- The data

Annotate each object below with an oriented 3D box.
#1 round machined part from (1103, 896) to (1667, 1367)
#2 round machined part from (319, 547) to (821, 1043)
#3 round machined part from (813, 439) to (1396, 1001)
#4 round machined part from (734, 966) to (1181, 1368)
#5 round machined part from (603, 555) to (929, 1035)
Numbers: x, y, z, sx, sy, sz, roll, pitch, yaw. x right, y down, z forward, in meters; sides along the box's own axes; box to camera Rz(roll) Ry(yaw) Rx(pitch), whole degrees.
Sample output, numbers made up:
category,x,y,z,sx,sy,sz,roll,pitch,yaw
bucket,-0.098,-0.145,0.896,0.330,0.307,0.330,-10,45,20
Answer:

---

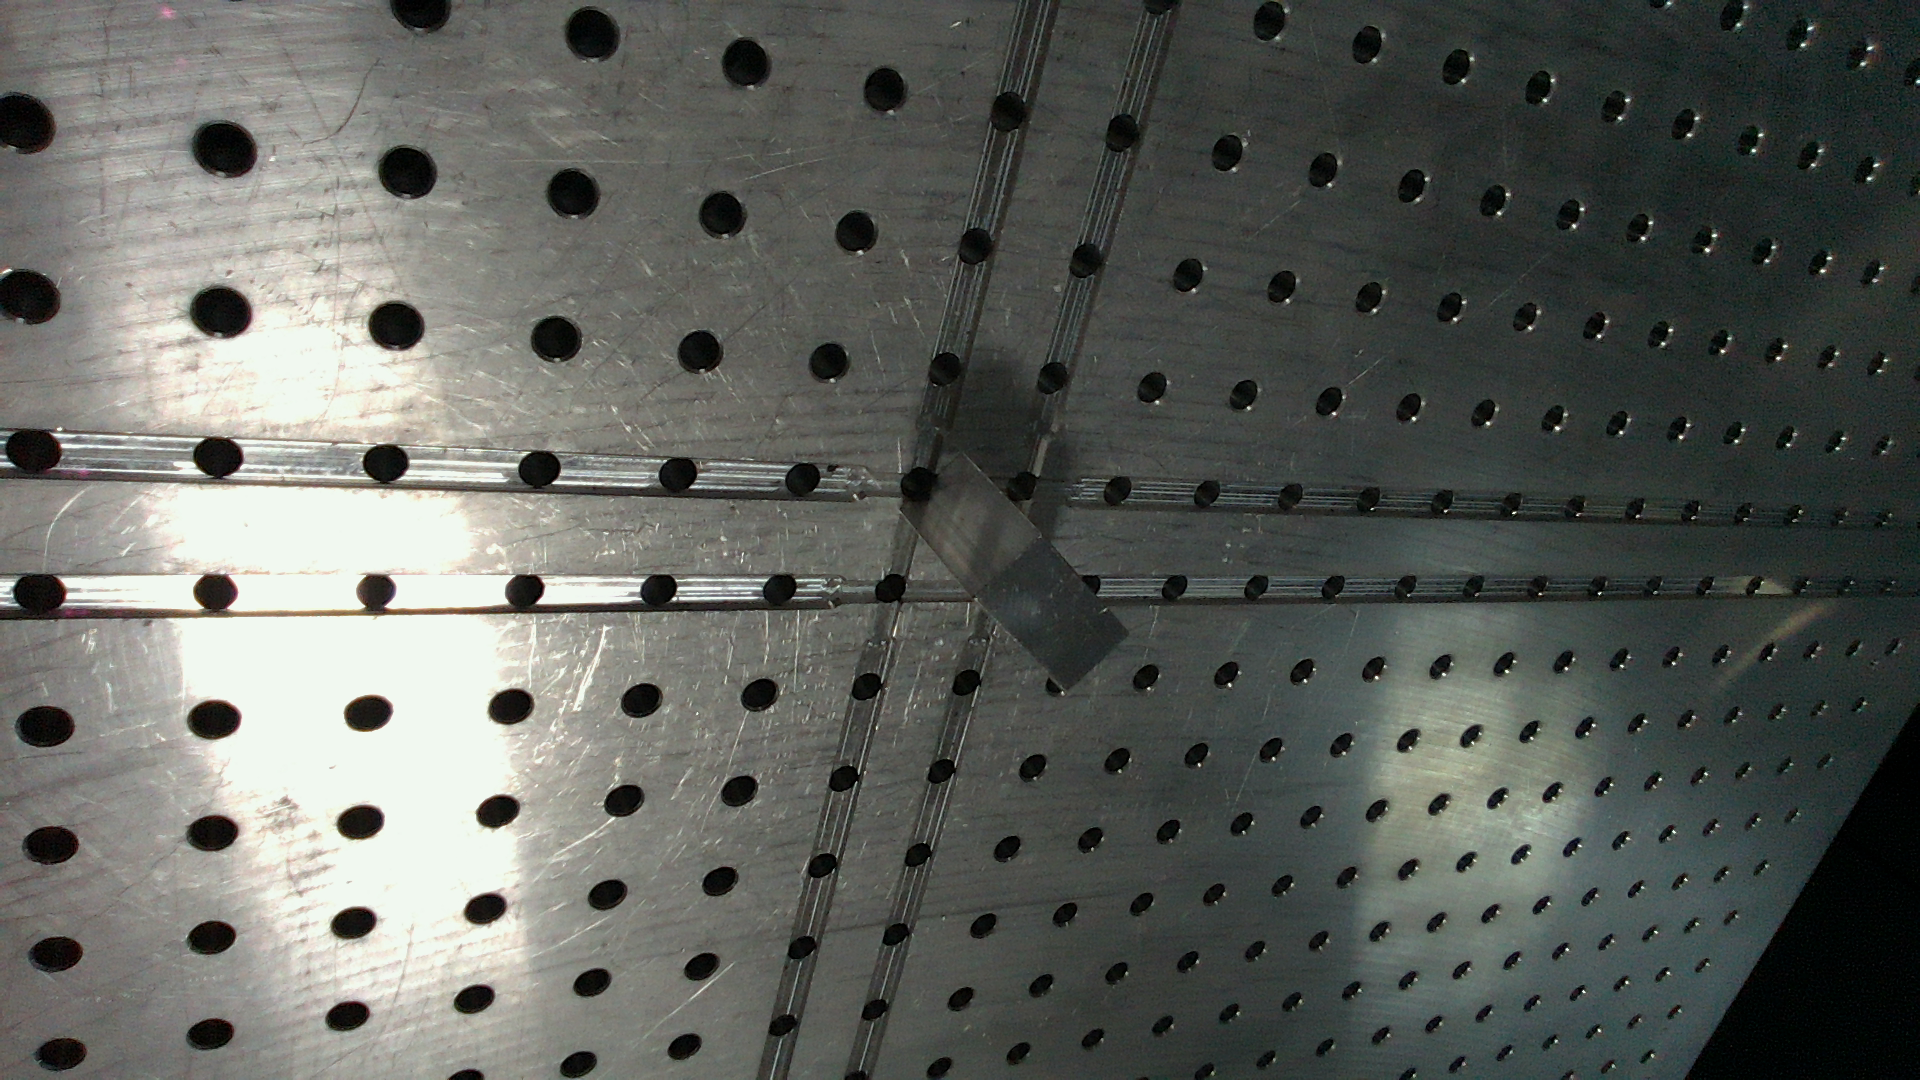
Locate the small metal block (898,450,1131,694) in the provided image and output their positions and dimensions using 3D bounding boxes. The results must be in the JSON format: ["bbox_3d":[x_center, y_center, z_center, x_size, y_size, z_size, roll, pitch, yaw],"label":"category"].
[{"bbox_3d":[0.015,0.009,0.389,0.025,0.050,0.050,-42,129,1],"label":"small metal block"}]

- Work order
Working through the entries above, copy every line in which "machined" is found.

- Response to the task
#1 round machined part from (1103, 896) to (1667, 1367)
#2 round machined part from (319, 547) to (821, 1043)
#3 round machined part from (813, 439) to (1396, 1001)
#4 round machined part from (734, 966) to (1181, 1368)
#5 round machined part from (603, 555) to (929, 1035)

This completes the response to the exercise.